The first is a growing international influence. Although the market for these wines is mainly local, the winemaking influences are decidedly global. Tantalus’s senior winemaking consultant, Jacqueline Kemp, is a New Zealand “flying winemaker,” who brings international experience to her work here. Production winemaker David Patterson is Canada-born, but he learned winemaking  in New Zealand and earned his winemaking spurs there and in Oregon and Australia.

All across the region I met winemakers and “flying interns” from around the world. In a way this continues an existing pattern, since many of the early winemakers here were immigrants who brought winemaking knowledge with them, but it is more than that. The Okanagan is now clearly part of a very intense global exchange of technical winemaking knowledge.

Talking with David about the great strides that the region’s wines have made, I brought up climate change. Surely the changing natural environment accounts for the improvement, I suggested. David disagreed. It was better winemaking, not warmer weather, that made the difference he said, and surely the international influences are part of that.
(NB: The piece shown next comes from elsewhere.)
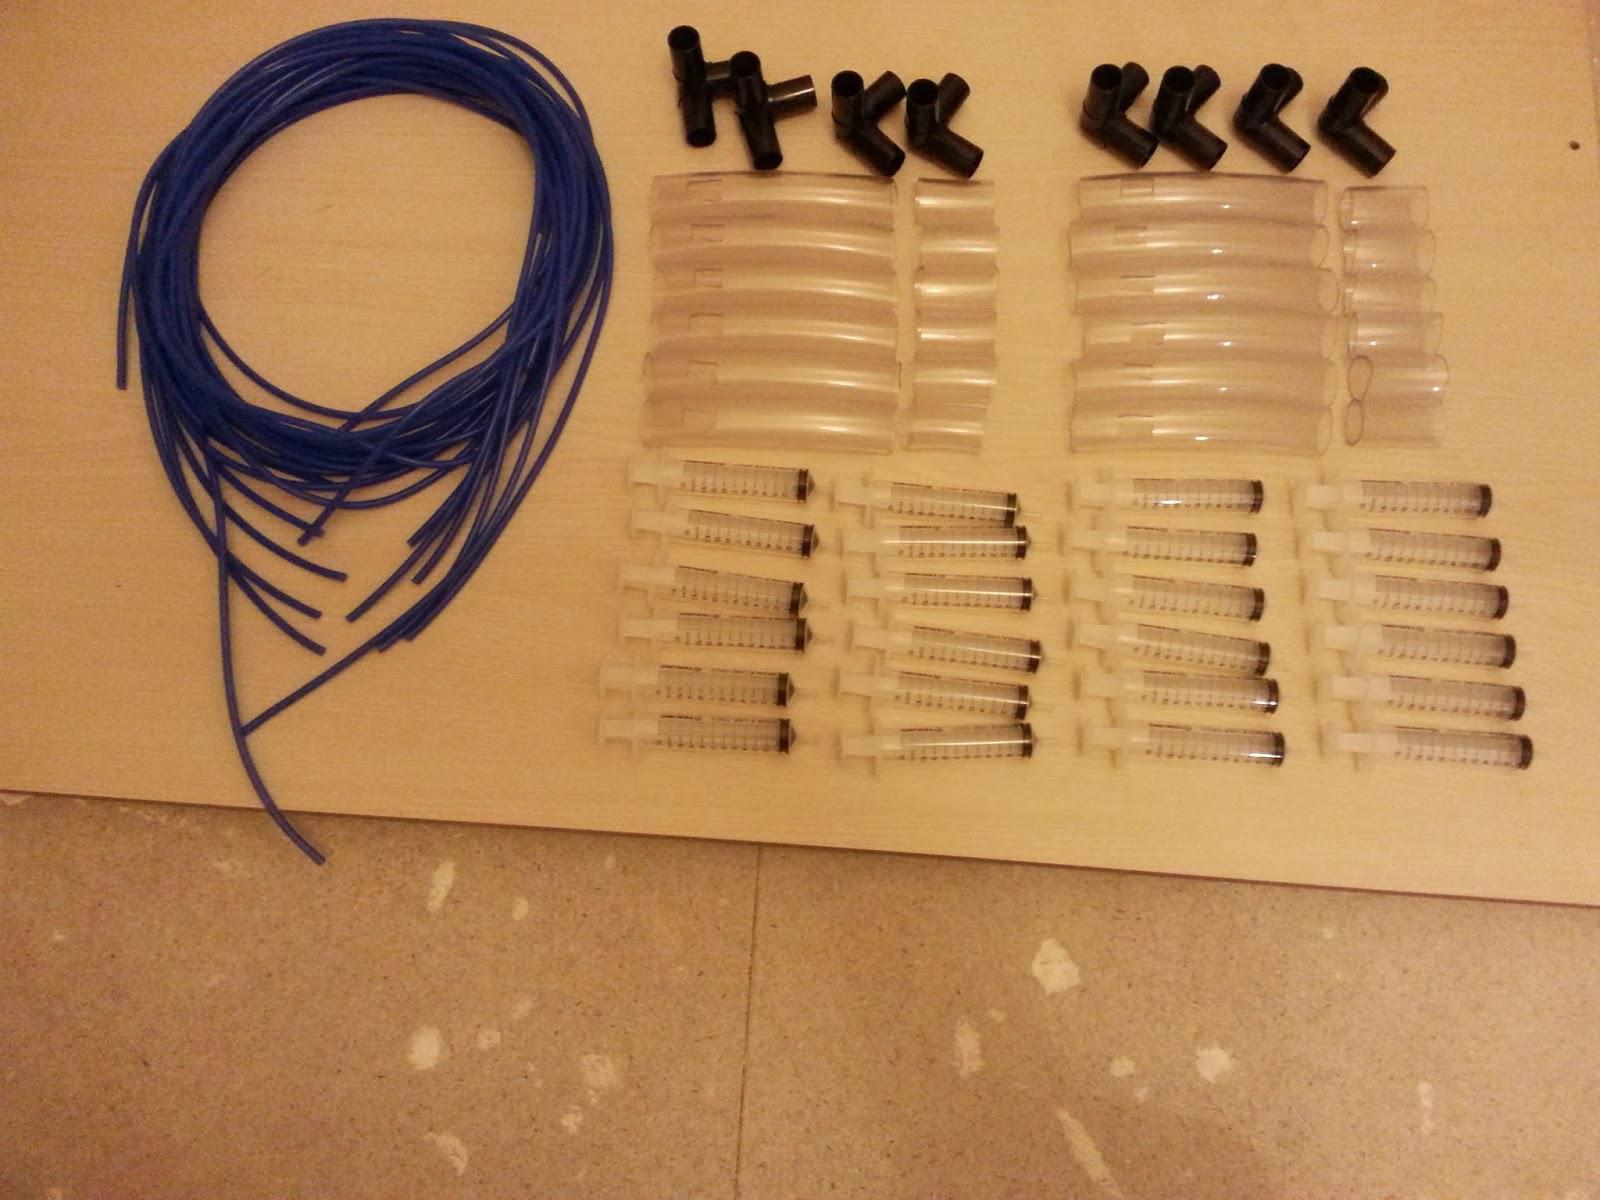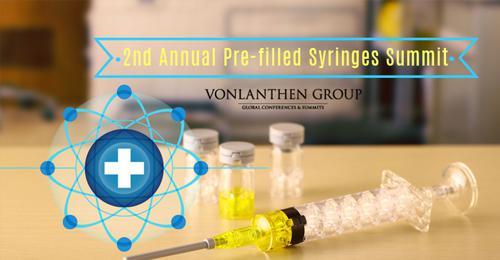The first image is the image on the left, the second image is the image on the right. Assess this claim about the two images: "The left image shows a clear cylinder with colored plastic on each end, and the right image shows something with a rightward-facing point". Correct or not? Answer yes or no. No. 
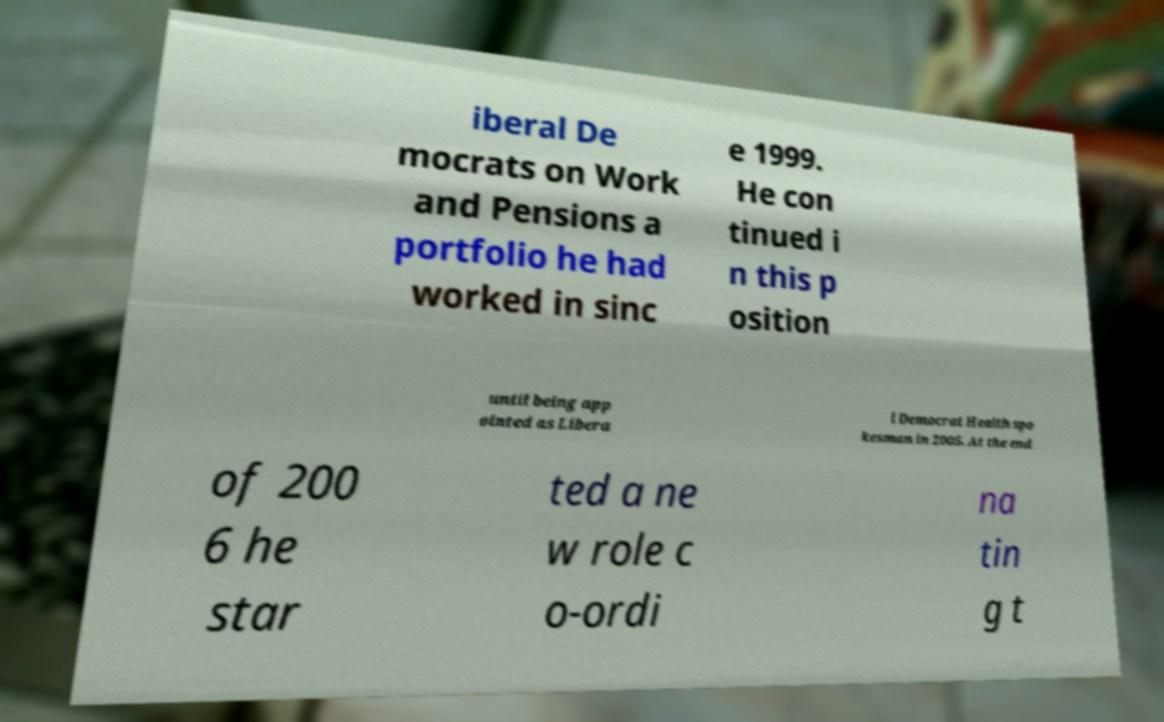For documentation purposes, I need the text within this image transcribed. Could you provide that? iberal De mocrats on Work and Pensions a portfolio he had worked in sinc e 1999. He con tinued i n this p osition until being app ointed as Libera l Democrat Health spo kesman in 2005. At the end of 200 6 he star ted a ne w role c o-ordi na tin g t

The second trend, which is seen so clearly at Tantalus, is that this global energy is clearly focused on identifying distinct local terroirs. The Tantalus team realize that theirs is an exceptional location for Riesling and Pinot Noir and they are drilling down into those vineyards and particular varietals to see what they will reveal.

The region is extremely varied in its micro-terroirs – almost anything is possible here from ice wine to Syrah and Zinfandel. But just because something can be done doesn’t mean you should do it and the race is on to find out what works best for each vineyard block.  Focus and increasing specialization are the wave of the future here.

Yes and No

So is past prologue?  Yes and no. Yes in the sense that the Okanagan wine industry wouldn’t be what it is today without the evolutionary process it’s experienced. The industry is stronger for the work of its pioneers and the legacy they created.

But no, the world has changed, is changing. With better winemaking and increased investment the true potential of  this region’s wine industry is being unlocked. The challenge now is to get the word out and then to get the wine out. I’m trying to do my part on the former, but the latter is the bigger challenge in the long run because of regulatory structures that make marketing and distribution costly and inefficient even within Canada to say nothing of international trade.

O Canada, my how you’ve changed. I’m looking forward to visiting again in a few years to see how present trends develop.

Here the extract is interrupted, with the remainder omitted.